Conception to birth is roughly sixty-three days and, a litter usually consists of four to six pups. Their eyes and ears are closed when they are born, and they are unable to regulate their body temperature, yet another reason mom is so important. They can smell, but mostly they can taste and touch, which is the most important. This helps them to recognize their pack members from early on, most obviously mom, as they need to feed from her. They eat about four to five times a day for a few minutes at a time. Pups are born in a den which has to be large enough for mom and pups and is typically guarded so that nothing else can get in there. The sounds they make at this point are whining and yelping. And, of course, they can lick and suck to feed from mom. Mother wolf is an incredible housekeeper, cleaning up any messes that are made so that the den stays clean. She does this by eating all of the birthing remnants (the sacs, the cords, and the placenta) as well as stimulating the pups to urinate and defecate which she also ingests. No one said being a mom was easy. As she is unable to leave the den to go out and hunt, typically, the other wolves will bring her meat to sustain her through her trials of taking care of the pups. Occasionally, another non-breeding female will also produce milk and be able to feed the pups, but this is not a normal occurrence.

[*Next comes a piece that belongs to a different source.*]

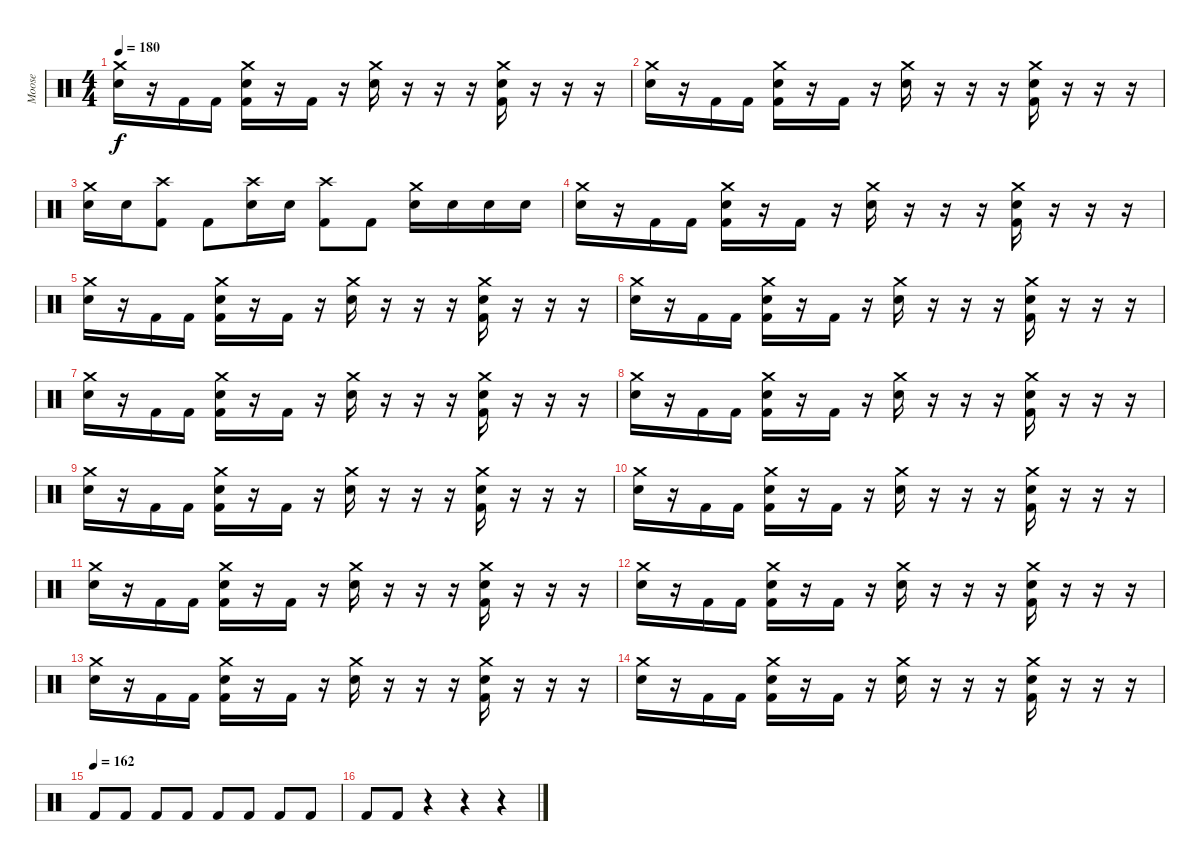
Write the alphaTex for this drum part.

Their eyes start to open up along with their ears a couple of weeks after birth. They also start stumbling about in the den and, once steady, even venture outside of the den for short bits of time. Their milk teeth appear shortly after. By weeks four and five they start eating tiny bits of meat, they start getting adventurous outside of the den, with supervision, of course. The pups learn to lick the mouths of the other wolves to get them to regurgitate food for them. Their head and feet get disproportionately bigger as the rest of their bodies try to catch up. As they start play fighting and showing dominance, they are also getting more vocal, beginning to growl and whimper, along with sharing their slightly squeaky howl. Their “play” also includes “attacking and killing” bones, feathers, and skins of dead animals and after they “kill” their “prey” they carry it around like fantastic trophies.